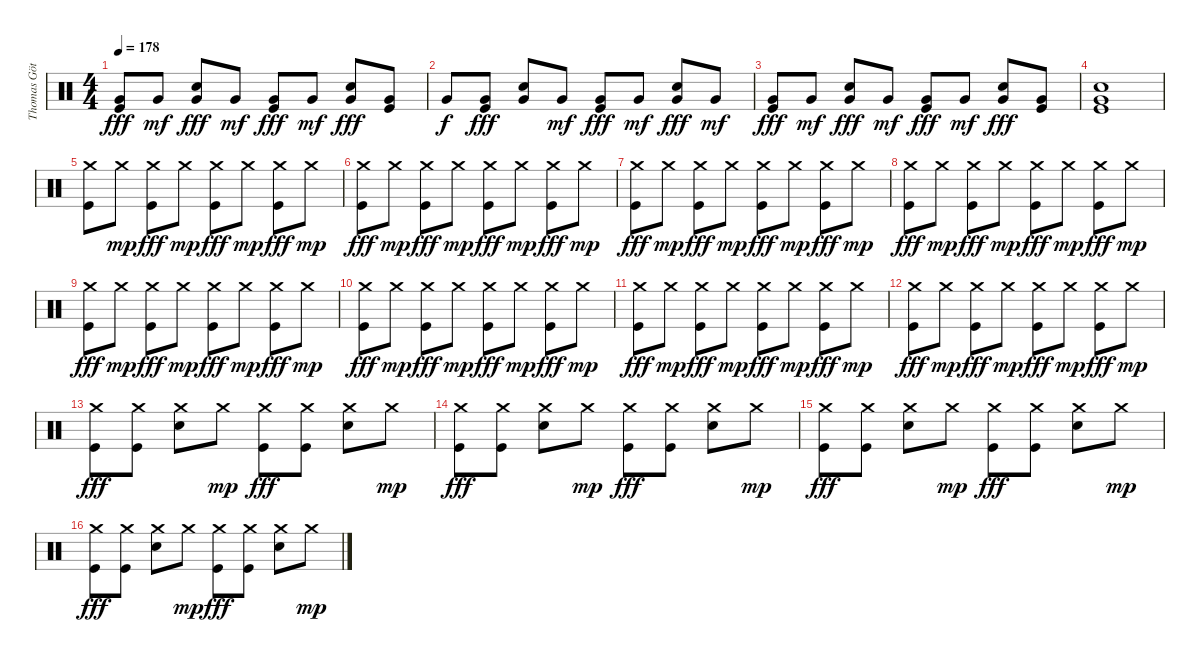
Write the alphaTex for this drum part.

\track ("Thomas Götz" "Thomas Göt") {instrument percussion}
\staff {score}
\articulation defaults
\ts (4 4)
\tempo 178
\clef neutral
\ks c
("Very Low Tom (hit)" "Kick (hit)").8{dy fff} "Very Low Tom (hit)".8{dy mf} ("Very Low Tom (hit)" "Electric Snare (hit)").8{dy fff} "Very Low Tom (hit)".8{dy mf} ("Very Low Tom (hit)" "Kick (hit)").8{dy fff} "Very Low Tom (hit)".8{dy mf} ("Very Low Tom (hit)" "Electric Snare (hit)").8{dy fff} ("Very Low Tom (hit)" "Kick (hit)").8 |
"Very Low Tom (hit)".8{dy f} ("Very Low Tom (hit)" "Kick (hit)").8{dy fff} ("Very Low Tom (hit)" "Electric Snare (hit)").8 "Very Low Tom (hit)".8{dy mf} ("Very Low Tom (hit)" "Kick (hit)").8{dy fff} "Very Low Tom (hit)".8{dy mf} ("Very Low Tom (hit)" "Electric Snare (hit)").8{dy fff} "Very Low Tom (hit)".8{dy mf} |
("Very Low Tom (hit)" "Kick (hit)").8{dy fff} "Very Low Tom (hit)".8{dy mf} ("Very Low Tom (hit)" "Electric Snare (hit)").8{dy fff} "Very Low Tom (hit)".8{dy mf} ("Very Low Tom (hit)" "Kick (hit)").8{dy fff} "Very Low Tom (hit)".8{dy mf} ("Very Low Tom (hit)" "Electric Snare (hit)").8{dy fff} ("Very Low Tom (hit)" "Kick (hit)").8 |
("Very Low Tom (hit)" "Electric Snare (hit)" "Kick (hit)").1 |
("Crash medium (hit)" "Kick (hit)").8 "Crash medium (hit)".8{dy mp} ("Crash medium (hit)" "Kick (hit)").8{dy fff} "Crash medium (hit)".8{dy mp} ("Crash medium (hit)" "Kick (hit)").8{dy fff} "Crash medium (hit)".8{dy mp} ("Crash medium (hit)" "Kick (hit)").8{dy fff} "Crash medium (hit)".8{dy mp} |
("Crash medium (hit)" "Kick (hit)").8{dy fff} "Crash medium (hit)".8{dy mp} ("Crash medium (hit)" "Kick (hit)").8{dy fff} "Crash medium (hit)".8{dy mp} ("Crash medium (hit)" "Kick (hit)").8{dy fff} "Crash medium (hit)".8{dy mp} ("Crash medium (hit)" "Kick (hit)").8{dy fff} "Crash medium (hit)".8{dy mp} |
("Crash medium (hit)" "Kick (hit)").8{dy fff} "Crash medium (hit)".8{dy mp} ("Crash medium (hit)" "Kick (hit)").8{dy fff} "Crash medium (hit)".8{dy mp} ("Crash medium (hit)" "Kick (hit)").8{dy fff} "Crash medium (hit)".8{dy mp} ("Crash medium (hit)" "Kick (hit)").8{dy fff} "Crash medium (hit)".8{dy mp} |
("Crash medium (hit)" "Kick (hit)").8{dy fff} "Crash medium (hit)".8{dy mp} ("Crash medium (hit)" "Kick (hit)").8{dy fff} "Crash medium (hit)".8{dy mp} ("Crash medium (hit)" "Kick (hit)").8{dy fff} "Crash medium (hit)".8{dy mp} ("Crash medium (hit)" "Kick (hit)").8{dy fff} "Crash medium (hit)".8{dy mp} |
("Crash medium (hit)" "Kick (hit)").8{dy fff} "Crash medium (hit)".8{dy mp} ("Crash medium (hit)" "Kick (hit)").8{dy fff} "Crash medium (hit)".8{dy mp} ("Crash medium (hit)" "Kick (hit)").8{dy fff} "Crash medium (hit)".8{dy mp} ("Crash medium (hit)" "Kick (hit)").8{dy fff} "Crash medium (hit)".8{dy mp} |
("Crash medium (hit)" "Kick (hit)").8{dy fff} "Crash medium (hit)".8{dy mp} ("Crash medium (hit)" "Kick (hit)").8{dy fff} "Crash medium (hit)".8{dy mp} ("Crash medium (hit)" "Kick (hit)").8{dy fff} "Crash medium (hit)".8{dy mp} ("Crash medium (hit)" "Kick (hit)").8{dy fff} "Crash medium (hit)".8{dy mp} |
("Crash medium (hit)" "Kick (hit)").8{dy fff} "Crash medium (hit)".8{dy mp} ("Crash medium (hit)" "Kick (hit)").8{dy fff} "Crash medium (hit)".8{dy mp} ("Crash medium (hit)" "Kick (hit)").8{dy fff} "Crash medium (hit)".8{dy mp} ("Crash medium (hit)" "Kick (hit)").8{dy fff} "Crash medium (hit)".8{dy mp} |
("Crash medium (hit)" "Kick (hit)").8{dy fff} "Crash medium (hit)".8{dy mp} ("Crash medium (hit)" "Kick (hit)").8{dy fff} "Crash medium (hit)".8{dy mp} ("Crash medium (hit)" "Kick (hit)").8{dy fff} "Crash medium (hit)".8{dy mp} ("Crash medium (hit)" "Kick (hit)").8{dy fff} "Crash medium (hit)".8{dy mp} |
("Crash medium (hit)" "Kick (hit)").8{dy fff} ("Crash medium (hit)" "Kick (hit)").8 ("Crash medium (hit)" "Electric Snare (hit)").8 "Crash medium (hit)".8{dy mp} ("Crash medium (hit)" "Kick (hit)").8{dy fff} ("Crash medium (hit)" "Kick (hit)").8 ("Crash medium (hit)" "Electric Snare (hit)").8 "Crash medium (hit)".8{dy mp} |
("Crash medium (hit)" "Kick (hit)").8{dy fff} ("Crash medium (hit)" "Kick (hit)").8 ("Crash medium (hit)" "Electric Snare (hit)").8 "Crash medium (hit)".8{dy mp} ("Crash medium (hit)" "Kick (hit)").8{dy fff} ("Crash medium (hit)" "Kick (hit)").8 ("Crash medium (hit)" "Electric Snare (hit)").8 "Crash medium (hit)".8{dy mp} |
("Crash medium (hit)" "Kick (hit)").8{dy fff} ("Crash medium (hit)" "Kick (hit)").8 ("Crash medium (hit)" "Electric Snare (hit)").8 "Crash medium (hit)".8{dy mp} ("Crash medium (hit)" "Kick (hit)").8{dy fff} ("Crash medium (hit)" "Kick (hit)").8 ("Crash medium (hit)" "Electric Snare (hit)").8 "Crash medium (hit)".8{dy mp} |
("Crash medium (hit)" "Kick (hit)").8{dy fff} ("Crash medium (hit)" "Kick (hit)").8 ("Crash medium (hit)" "Electric Snare (hit)").8 "Crash medium (hit)".8{dy mp} ("Crash medium (hit)" "Kick (hit)").8{dy fff} ("Crash medium (hit)" "Kick (hit)").8 ("Crash medium (hit)" "Electric Snare (hit)").8 "Crash medium (hit)".8{dy mp}

######

- [The task]: How many lines in the data contain the string "Very"? Respond with the number only.

- [Response to this task]: 4